All values are means of duplicate enzyme assays.
Discussion
To date, there have been 2 published studies of the frequency of unrecognized Fabry disease among patients with cryptogenic strokes. Rolfs et al12 reported that 4.9% of 432 males and 2.5% of 289 females with cryptogenic strokes had unrecognized Fabry disease. Subsequently, Brouns et al13 reported that Fabry disease was not identified among 64 Belgian males with cryptogenic strokes. Contrary to the German report, our study indicates that Fabry disease is rare in young adults with first ischemic stroke of undetermined cause.
It is likely that the wide discrepancy in reported prevalence of Fabry disease between our study and the German study is due to differences in study populations (Table 2). The German report12 suggested that unrecognized Fabry disease occurred in almost 5% of 18- to 55-year-old men with an otherwise undetermined stroke etiology. In that study, 10% of all cryptogenic stroke cases had multiple cerebrovascular events and 46.7% (10 of 21) of men with a cryptogenic stroke and a Fabry mutation had multiple cerebrovascular events. It is not clear if the German study included only patients with ischemic stroke or included a small percentage of patients with primary intracerebral hemorrhage.
Table 2.
First Ischemic Stroke | Recurrent Ischemic Stroke | |||||
---|---|---|---|---|---|---|
Total No. | No. With Fabry Disease |
Prevalence | Total No. | No. With Fabry Disease |
Prevalence | |
Rolfs* | 367 | 8 | 2.17 | 41 | 10 | 24.3 |
Brouns† | 46 | 0 | 0 | 9 | 0 | 0 |
Wozniak | 154 | 1 | 0.65 | N/A | N/A |
Estimated from reference 12 using the following 4 assumptions: (1) total of 432 men with any stroke, assuming the same rate of hemorrhage as entire sample (5.5%), then 408 men with any ischemic stroke; (2) assuming the same rate of recurrent stroke as in the entire sample (10%), then 367 men had an initial ischemic stroke; (3) 10 men with Fabry disease had recurrent stroke and 11 with initial stroke; (4) given the high mortality rate of hemorrhage, assuming that 3 men with Fabry disease and hemorrhagic stroke were all initial strokes, then 8 men with Fabry disease had initial ischemic stroke.
Dr R. Brouns13 and personal communication (Dr R. Brouns, 2009).
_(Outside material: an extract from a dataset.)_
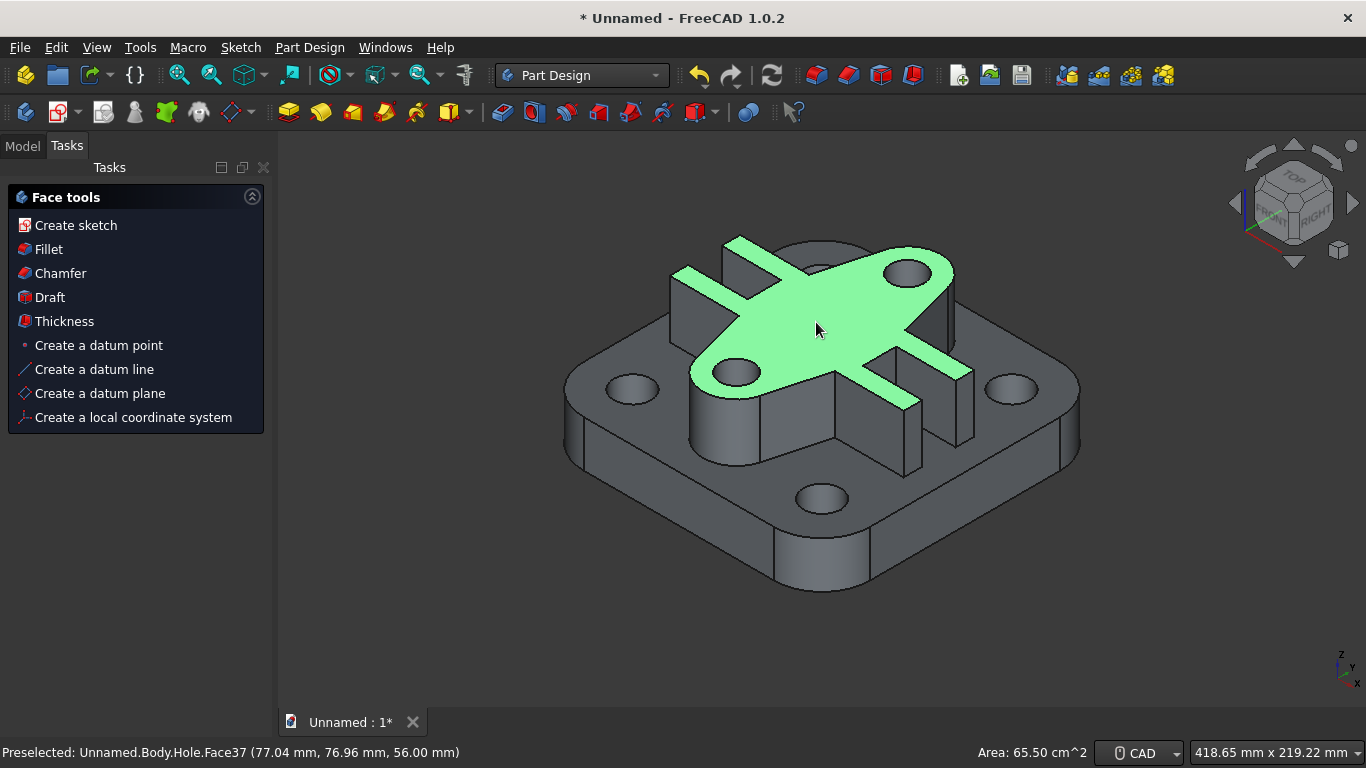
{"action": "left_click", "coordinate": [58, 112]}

In contrast, our study included only first ischemic stroke cases. When the German study is reanalyzed to include only first ischemic stroke cases, the prevalence of Fabry disease is lower. The German data can be disaggregated into a prevalence of 2.17% patients with Fabry disease among 367 men with first ischemic stroke and a prevalence of 24.3 among 41 men with recurrent ischemic stroke. This lower rate is substantially closer to the rate we report. In addition, the mutations associated with the German cases were not reported, so it is possible that some of the cases may have had the D313Y polymorphism with low plasma enzyme activity, which has an allele frequency of approximately 0.5% among European-Americans but with near normal cellular enzyme activity.20,21
Our study is the first to look at unselected patients with first ischemic stroke. We had hypothesized that the metabolic defect of Fabry disease could be synergistic with other risk factors. In addition, Fabry disease may be associated with cardiomyopathy and the stroke would have been classified as cardioembolic rather than cryptogenic. However, there were no cases of Fabry disease in strokes of known etiology in our study.
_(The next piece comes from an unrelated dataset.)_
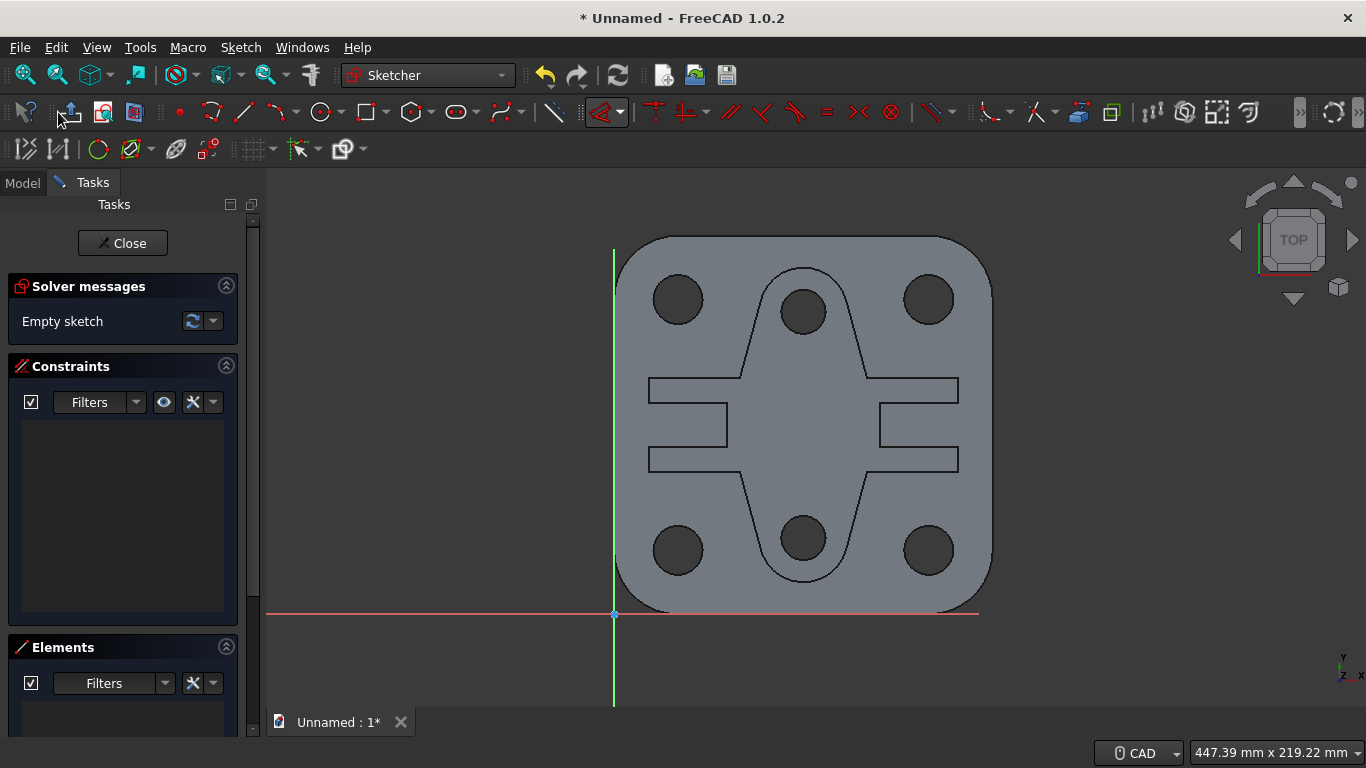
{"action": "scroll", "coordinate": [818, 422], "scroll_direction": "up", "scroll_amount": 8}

The diagnosis of Fabry disease in young patients with stroke is important for several reasons. Although it is not known whether enzyme replacement therapy will prevent ischemic stroke recurrence, it is known to delay or prevent other manifestations of Fabry disease, particularly renal and cardiac complications.23,24 Equally important are the potential benefits for family members. Institution of enzymatic replacement therapy in presymptomatic individuals could potentially eliminate the manifestations of Fabry disease.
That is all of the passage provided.